In re Bestwall LLC (Bankr. W.D. N.C. Case No. 17-31795) (LTB).
In re Aldrich Pump LLC, et al (Bankr. W.D. N.C. Case No. 20-30608) (JCW).
In re DBMP LLC (Bankr. W.D. N.C. Case No. 20-30080) (JCW).
I am writing for the parties and assume familiarity with the greater background and legal arguments made in the filings.
Bestwall and Aldrich Pump separately seek electronic information and data contained in any claims database within Paddock's possession, custody or control "whose purpose is or was to track mesothelioma claims asserted against Paddock or Owens-Illinois before the Petition Date." Both Bestwall and Aldrich Pump seek this information by way of subpoenas and after certain proceedings in their respective bankruptcy cases. While the circumstances of their separate bankruptcy cases differ, the differences do not affect this ruling.

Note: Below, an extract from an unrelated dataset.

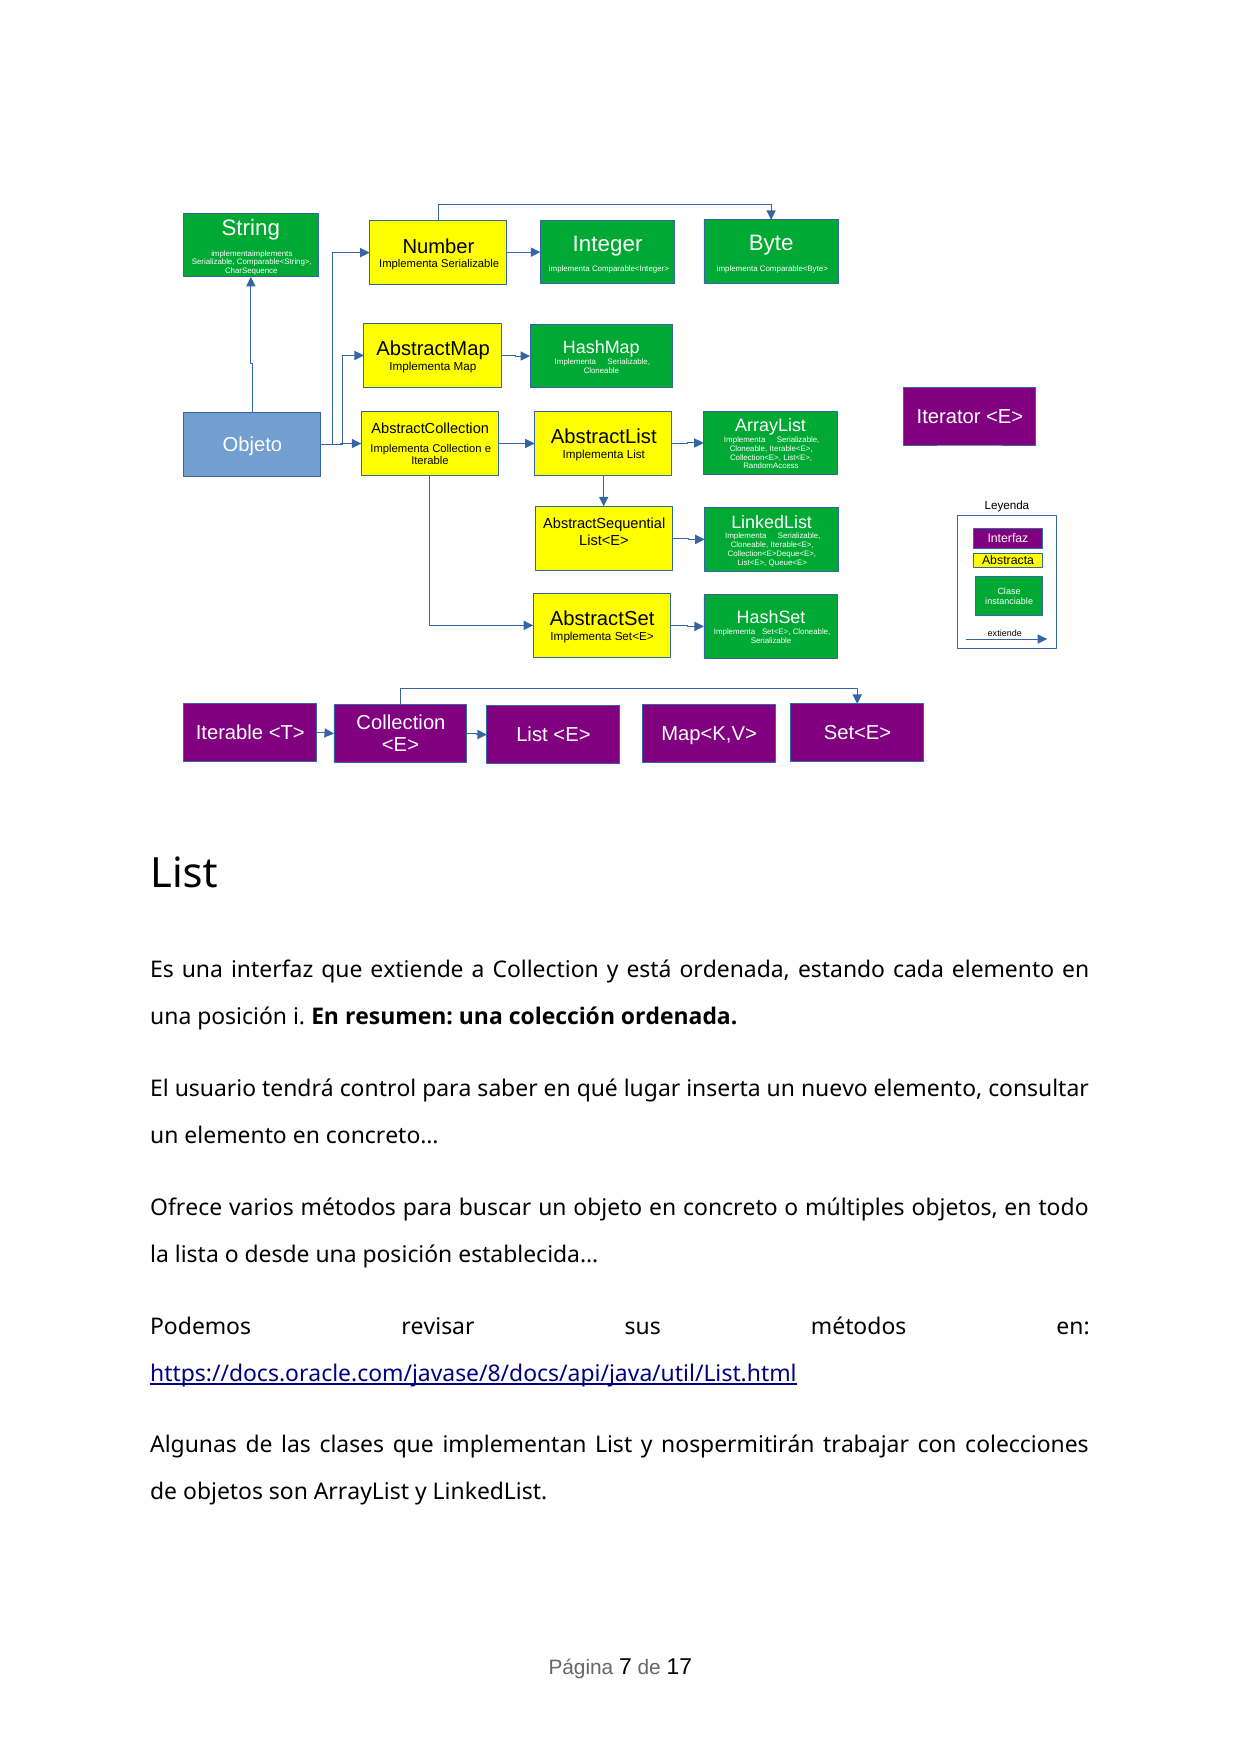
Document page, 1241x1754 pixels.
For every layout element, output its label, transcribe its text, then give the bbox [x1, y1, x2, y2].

Subpoena to Produce Documents, Information, or Objects or to Permit Inspection of Premises in a Bankruptcy Case (or Adversary Proceeding) in Bestwall bankruptcy case, Exh. A, definition of "Claims Data;" see also Subpoena to Produce Documents, Information, or Objects or to Permit Inspection of Premises in a Bankruptcy Case (or Adversary Proceeding) in Aldrich Pump bankruptcy case seeking documents regarding "individuals in the 'Matching Key' . . . identifying individuals whose mesothelioma claims the Debtors or their predecessors resolved..."
Separately, Bestwall and DBMP seek production of ballots that were submitted in the Paddock bankruptcy case in connection with confirmation of Paddock's Plan.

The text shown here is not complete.